[Your task]
Your answer should be the lines of the listing that contain the word "shelf".
__________________________________________________
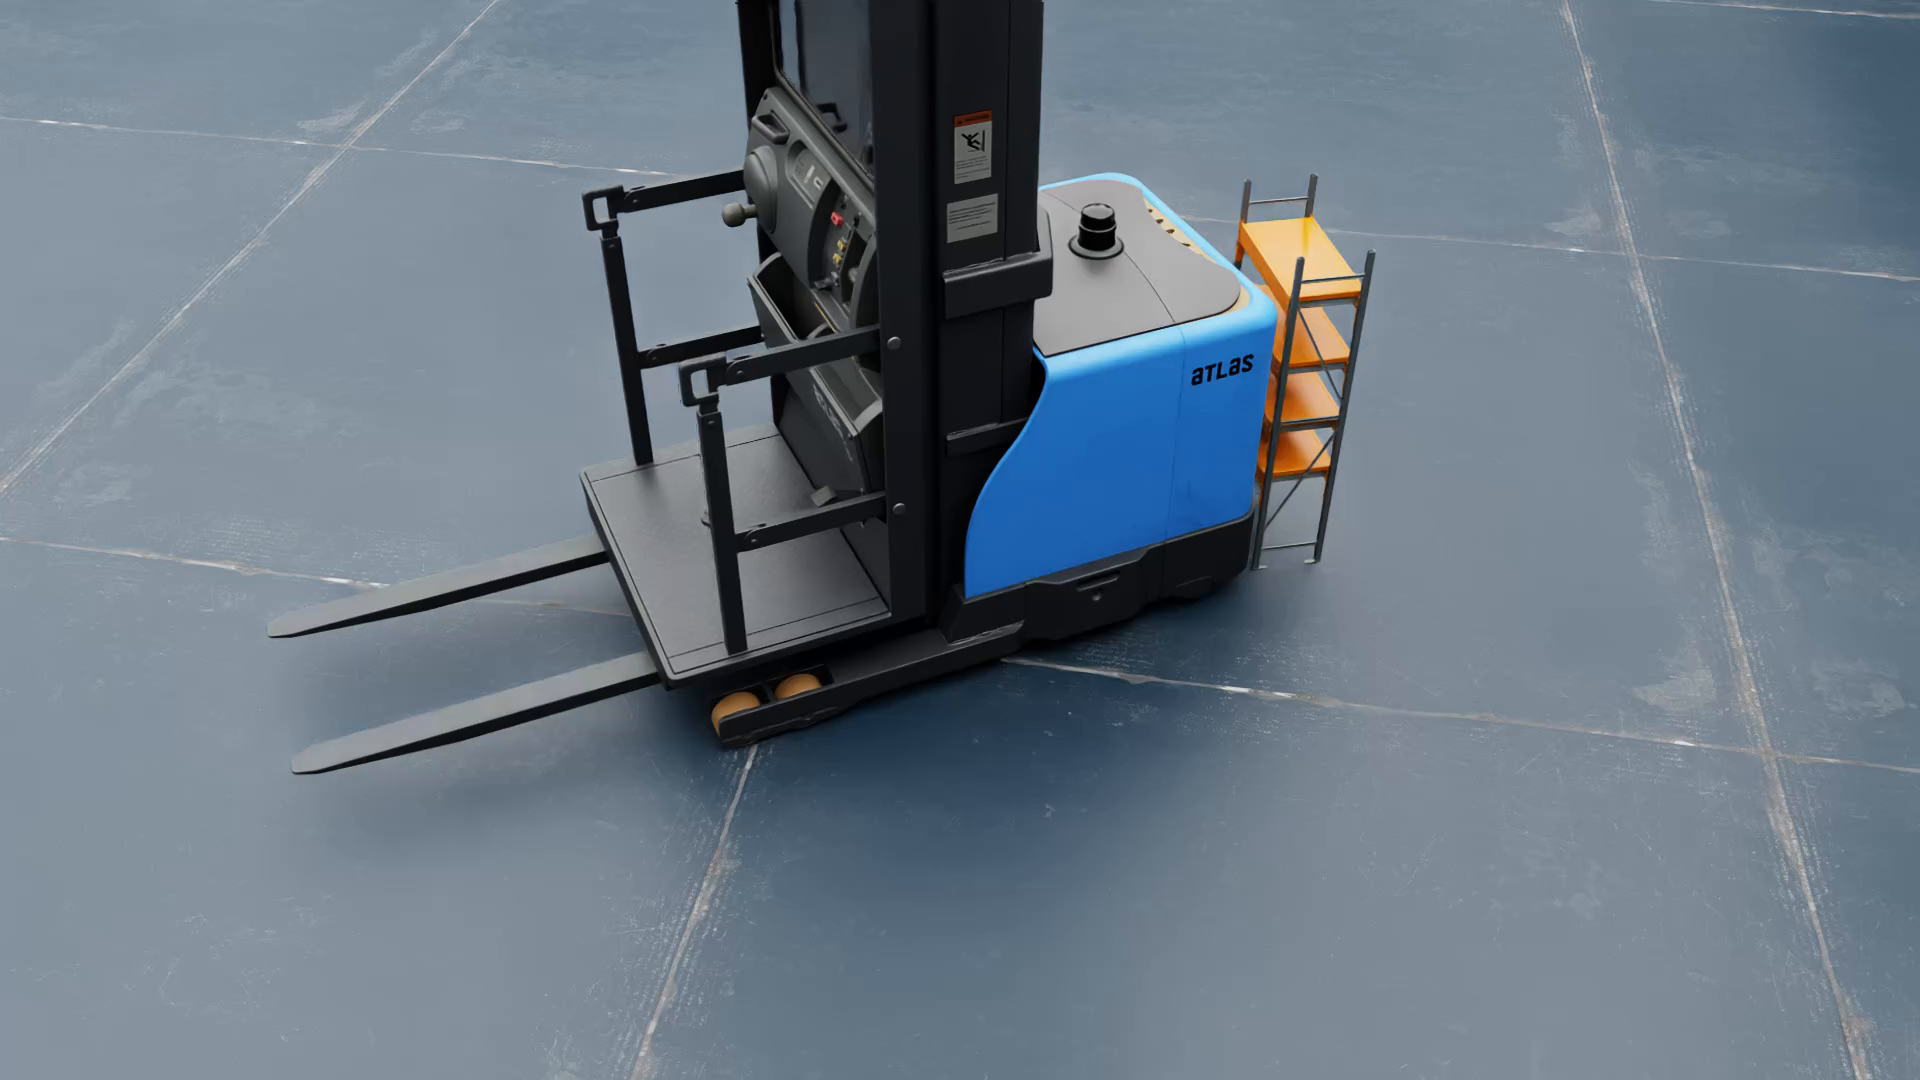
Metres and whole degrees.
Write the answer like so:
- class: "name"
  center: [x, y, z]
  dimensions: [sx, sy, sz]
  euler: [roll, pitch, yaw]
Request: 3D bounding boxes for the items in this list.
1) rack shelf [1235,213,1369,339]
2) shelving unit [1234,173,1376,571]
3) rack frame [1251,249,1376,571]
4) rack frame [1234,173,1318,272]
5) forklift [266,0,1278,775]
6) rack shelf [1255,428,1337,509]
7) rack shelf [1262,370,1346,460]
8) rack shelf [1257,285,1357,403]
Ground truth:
__________________________________________________
[Response to the task]
1) rack shelf [1235,213,1369,339]
6) rack shelf [1255,428,1337,509]
7) rack shelf [1262,370,1346,460]
8) rack shelf [1257,285,1357,403]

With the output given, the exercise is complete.